FIGURE 2. Blue light using flavin adenine dinucleotide (BLUF) domain-regulated adenylate cyclases. (A) The euPACα polypeptide is composed of two BLUF and two catalytic domains in the order BLUF1, C1, BLUF2, C2, and likely dimerizes or tetramerizes when expressed heterologously. The C1 and C2 catalytic domains associate to form the adenylate cyclase active site. BLUF domains N-terminal to each catalytic domain enhance catalysis in response to light. (B) The bPAC is composed of a single BLUF and a single catalytic domain, and likely dimerizes when expressed, so that an adenylate cyclase active site forms at the interface of the catalytic domains. The BLUF domain enhances catalysis in response to light.

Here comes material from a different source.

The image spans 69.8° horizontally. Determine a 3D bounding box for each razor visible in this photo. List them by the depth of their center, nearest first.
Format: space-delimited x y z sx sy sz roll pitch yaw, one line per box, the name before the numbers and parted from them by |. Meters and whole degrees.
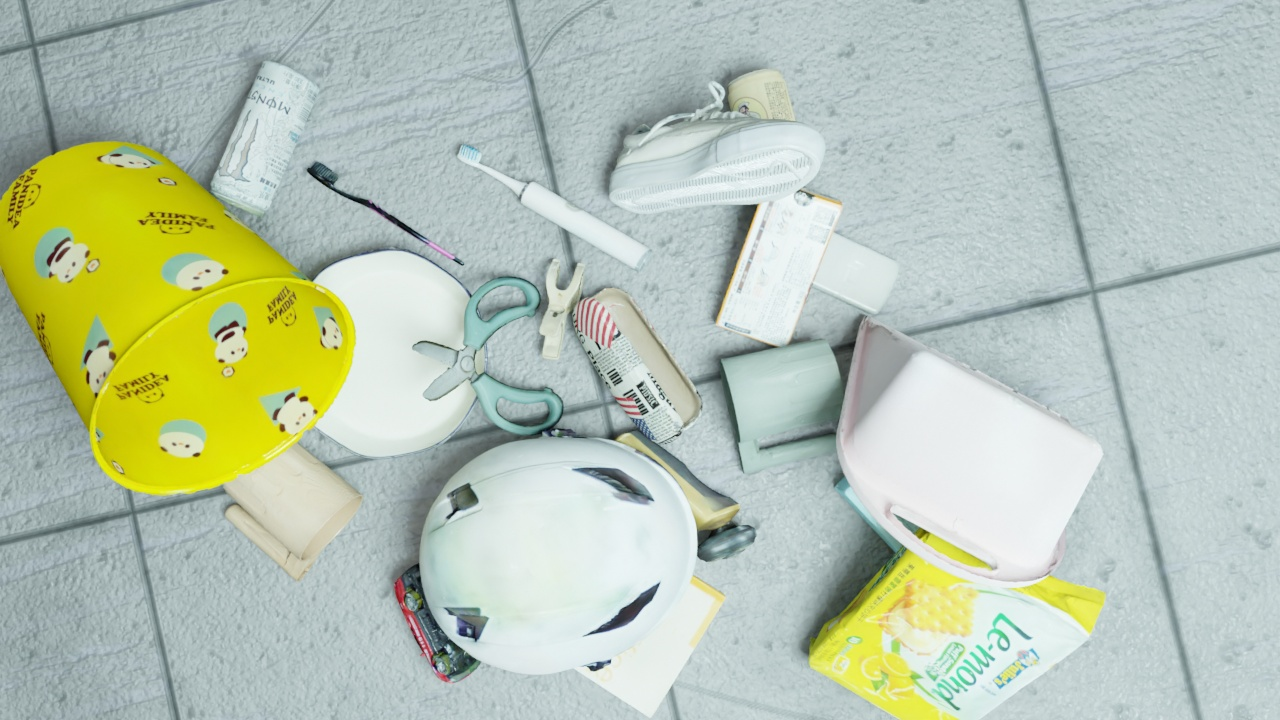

More recently, a PAC from the bacterium Beggiatoa (bPAC) was characterized that is smaller and more soluble than euPACα (Figure 2B; Stierl et al., 2011). In rat hippocampal pyramidal cells, bPAC induced larger currents than euPACα. Light induced faster inhibition of behavior in flies expressing bPAC pan-neuronally than in flies expressing euPACα. In contrast to euPACα expressing flies, bPAC-expresing flies were not affected by the phosphodiesterase inhibitor IBMX alone, implying less basal cAMP production by bPAC. In freely behaving larval zebrafish, light stimulation of bPAC in pituitary cells induced activation of corticotropin-releasing-hormone receptor, release of glucocorticoid hormone, and subsequent stress responses (De Marco et al., 2013). One disadvantage of bPAC is its slower inactivation kinetics of 19 s compared to 3 s for euPACα (Stierl et al., 2011).
In the past few years, one of the most extensively used photosensory domains has been the LOV sensing domain. LOV domains are small (∼15 kD) monomeric domains with terminal α helices and a central β sheet that binds flavin chromophores, either flavin mononucleotide (FMN) or FAD (Crosson and Moffat, 2001; Harper et al., 2003). Upon illumination by blue light (400–480 nm), the flavin cofactor forms a covalent thioether bond with a cysteine residue in the LOV domain, leading to conformational changes in the β sheet, resulting in dissociation of one of the α helices (Zoltowski and Gardner, 2011). This process reverses spontaneously within seconds to minutes in the dark (Losi, 2007).
PA-Rac: Control of Synaptic Plasticity
Light-oxygen-voltage domains undergo versatile light dependent interactions. In the best-studied LOV domain, LOV2 from Avena sativa phototropin, light-induced thioeither bond formation between a cysteine residue and the FMN chromophore leads to partial unfolding of the C-terminal α-helix (named Jα) from the rest of the LOV2 domain (Harper et al., 2004). This conformation change has been widely used to construct light-controllable proteins in allosteric or steric manners (Lee et al., 2008; Strickland et al., 2008; Moglich et al., 2009; Wu et al., 2009; Ohlendorf et al., 2012). Wu et al. (2009) constructed photoactivatable small GTPase Rac1 (PA-Rac1; Figure 3A), which has since been widely used (Walters et al., 2010; Wang et al., 2010; Yoo et al., 2010; Dietz et al., 2012; Ramel et al., 2013; Schwechter et al., 2013). Wu et al. (2009) screened different linkages of the LOV2 domain to the N-terminus of Rac1 and selected the construct that showed light-mediated protein activation. The resulting construct, PA-Rac1, optically controlled membrane ruﬄing and migration of animal cells. A crystal structure of PA-Rac1 in the dark state revealed that Rac1’s binding sites for downstream effectors are blocked by close interaction with LOV2. The light-triggered unwinding of Jα likely releases Rac1 from LOV2 interaction, leading to the binding of Rac1 to its effectors and activation of downstream signaling proteins.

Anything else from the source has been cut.